6.2. Remedies. Upon the occurrence of any Event of Default, Bank may in its sole and absolute discretion declare the Loans (with accrued interest thereon) and all other amounts owing under this Agreement and/or any Document to be due and payable forthwith, whereupon the same will immediately become due and payable, without presentment, demand, protest or other notice of any kind, all of which are hereby expressly waived, anything contained herein or in any Document to the contrary notwithstanding. The foregoing remedy is in addition to any and all other remedies available to Bank under any Document, at law or in equity.
7.1. Notices. Any communications between the parties hereto or notices or requests provided herein to be given may be given by personal delivery by mailing the same, postage prepaid, or by telecopier, to each party at its address set forth on the signature pages hereof, or to such other addresses as each party may in writing hereafter indicate. All such notices and communications shall be deemed received (a) if personally delivered, upon delivery, (b) if sent by first-class mail, on the third business day following deposit in the mails, (c) if sent by overnight mail or courier, on the succeeding business day following deposit with the carrier; or (d) if sent by telecopier, on the business day following the sending of such notice or communication.
7.2. Successors and Assigns. This Agreement shall bind and inure to the benefit of the parties hereto and their respective successors and assigns: provided, however, that Borrower shall not assign this Agreement or any of its rights hereunder without the prior written consent of Bank.

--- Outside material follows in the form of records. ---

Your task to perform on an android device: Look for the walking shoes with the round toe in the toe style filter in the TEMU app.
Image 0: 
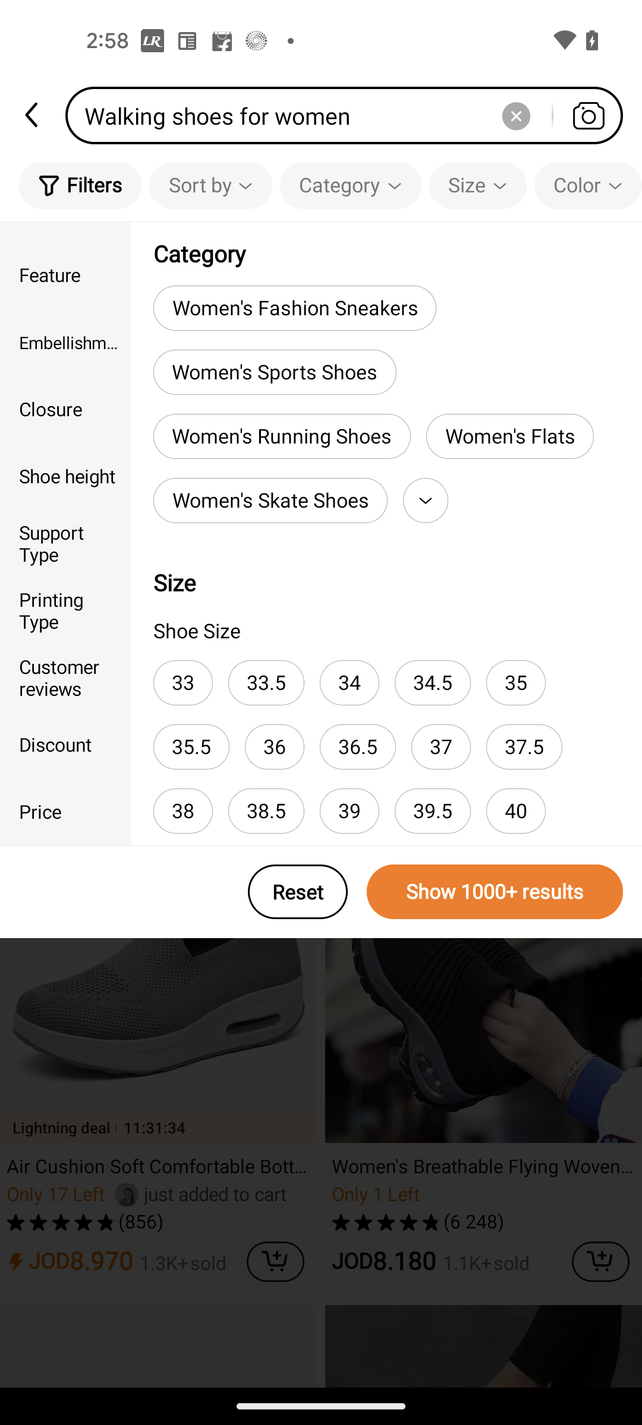
Swipe down to Toe style filters
Step 0: scroll up
Image 1: 
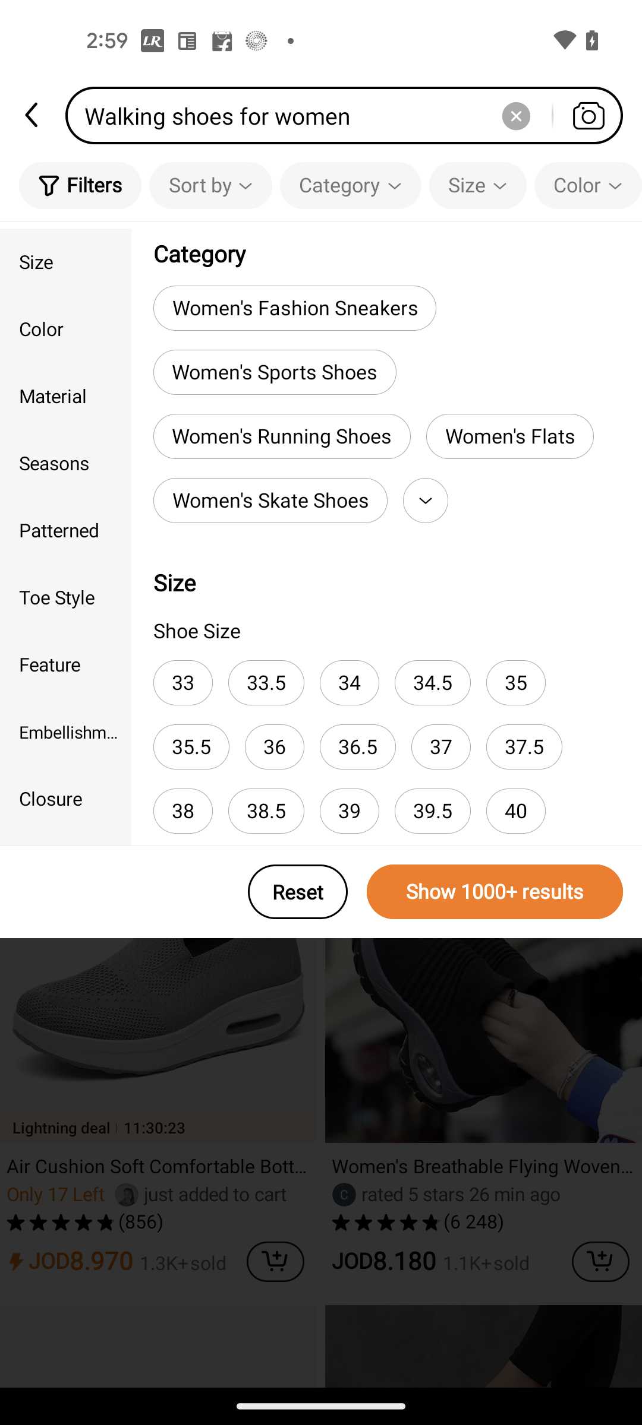
Click on the Toe style filters
Step 1: click (65, 597)
Image 2: 
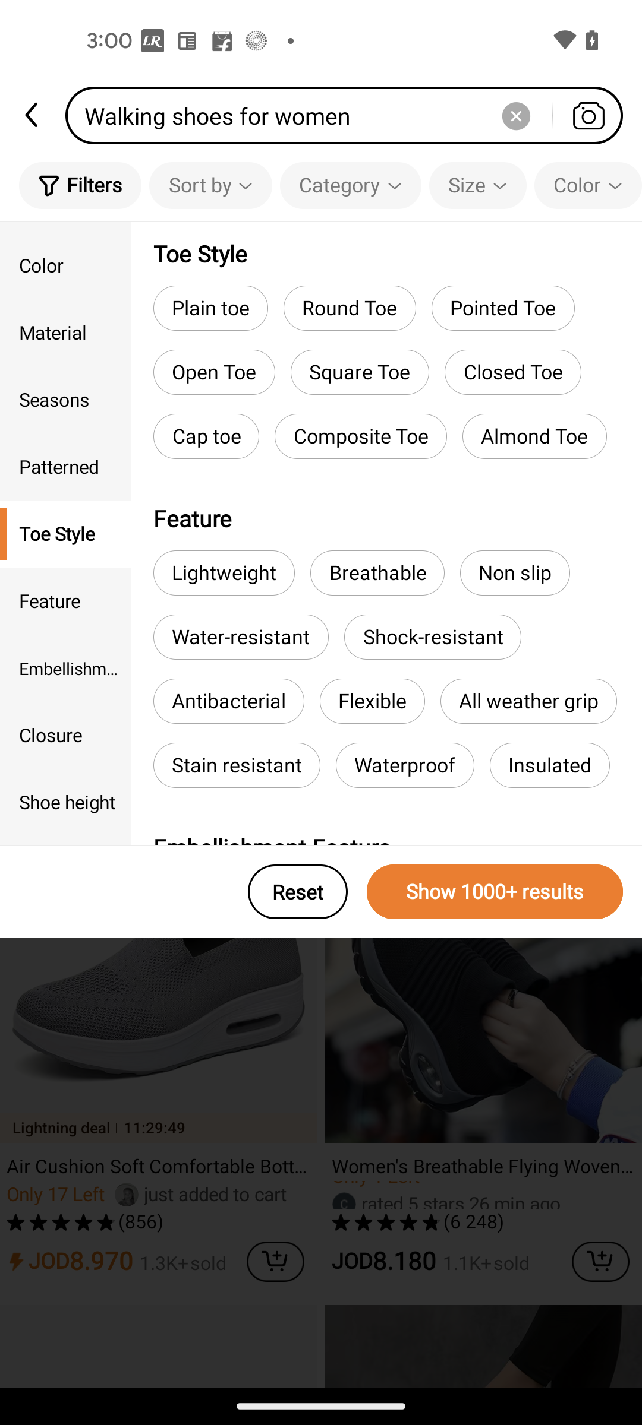
Select the Round Toe
Step 2: click (350, 308)
Image 3: 
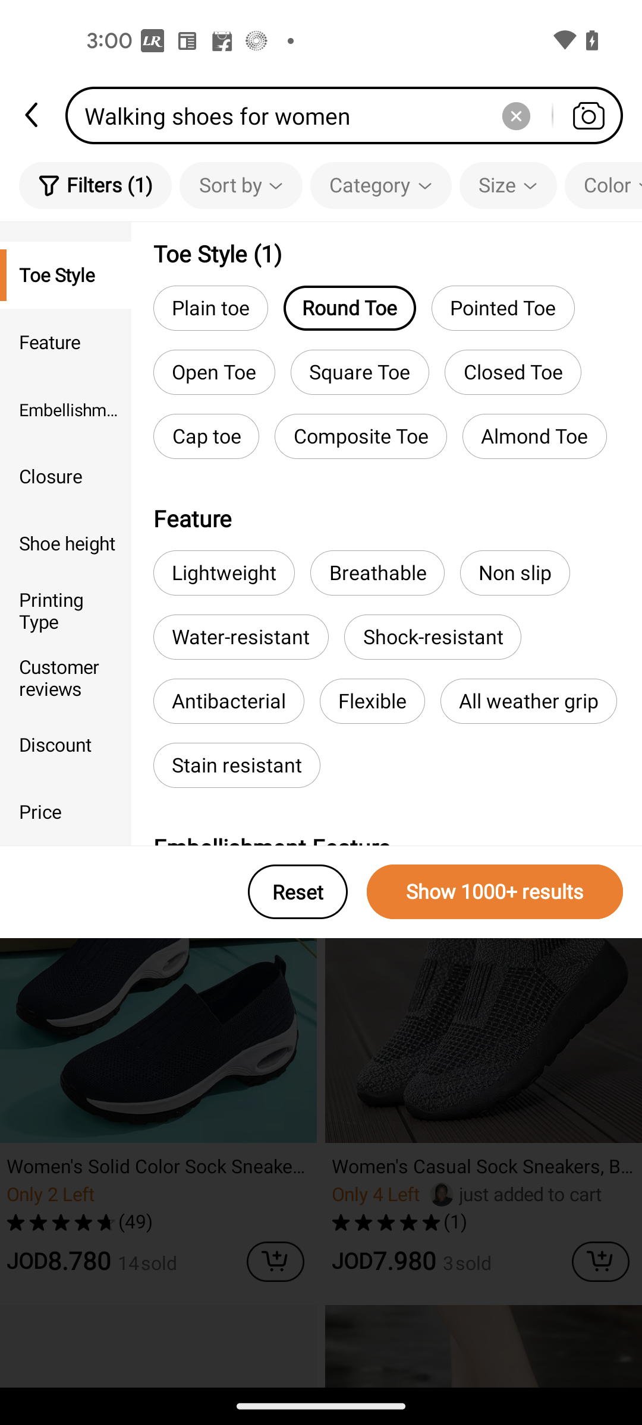
Click on Show 1000+ results button
Step 3: click (522, 894)

7.3. Participations and Right of Setoff. Bank may at any time sell, assign, grant participations in, or otherwise transfer to any other Person (a Participant) all or part of the indebtedness of Borrower outstanding under this Agreement and/or any Document. Bank may disclose confidential information regarding Borrower to any Participant or prospective Participant. Borrower hereby authorizes Bank and each such Participant, in case of an Event of Default by Borrower hereunder, to proceed directly, by right of setoff, bankers lien, or otherwise, against any assets of Borrower which may at the time of such an Event of Default be in the hands of Bank or any such participant.
7.4. Setoff. In addition to any rights and remedies provided to Bank by law, upon the occurrence of a default in connection with the Loans and the acceleration of Borrowers obligations in connection with the Loans, Bank shall have the right, without prior notice to Borrower, any such notice being expressly waived by Borrower, to the extent permitted by applicable law, to setoff and apply against any of Borrowers indebtedness, to the extent matured and fixed, to Bank in connection with the Loans, any and all of Borrowers deposits (including, without limitation, general or special, time or demand, provisional or final deposits) at any time held by Bank and any other amount owing from Bank to Borrower at or at any time after the happening of any such default, and such right of setoff may be exercised by Bank against Borrower or against Borrowers trustee in bankruptcy, debtor in possession, assignee for the benefit of creditors, receiver, receiver and manager, liquidator, custodian, any execution, judgment or attachment creditor or any other person or entity claiming through or against Borrower or such trustee in bankruptcy, debtor in possession, assignee for the benefit of creditors, receiver, receiver and manager, liquidator, custodian, execution, judgment or attachment creditor or other person or entity, notwithstanding the fact that such right of setoff shall not have been exercised by Bank prior to the making, filing or issuance, or service upon Borrower of, or of notice of, any such petition, assignment for the benefit of creditors, appointment or application for the appointment of a receiver, receiver and manager, liquidator or the issuance of an execution, subpoena, order or warrant.
7.5. Indemnity. Borrower agrees to indemnify, defend, reimburse and hold harmless Bank and each of its affiliates, and all the directors, officers, employees, agents, legal counsel and advisors of Bank (each, an Indemnified Party) from and against all claims, actions, proceedings, suits, damages, losses, liabilities, costs and expenses, including the fees and out-of-pocket expenses of counsel which may be incurred by or asserted against any Indemnified Party in connection with, or arising out of, or relating to any transaction or proposed transaction (whether or not consummated), contemplated by this Agreement or any Document.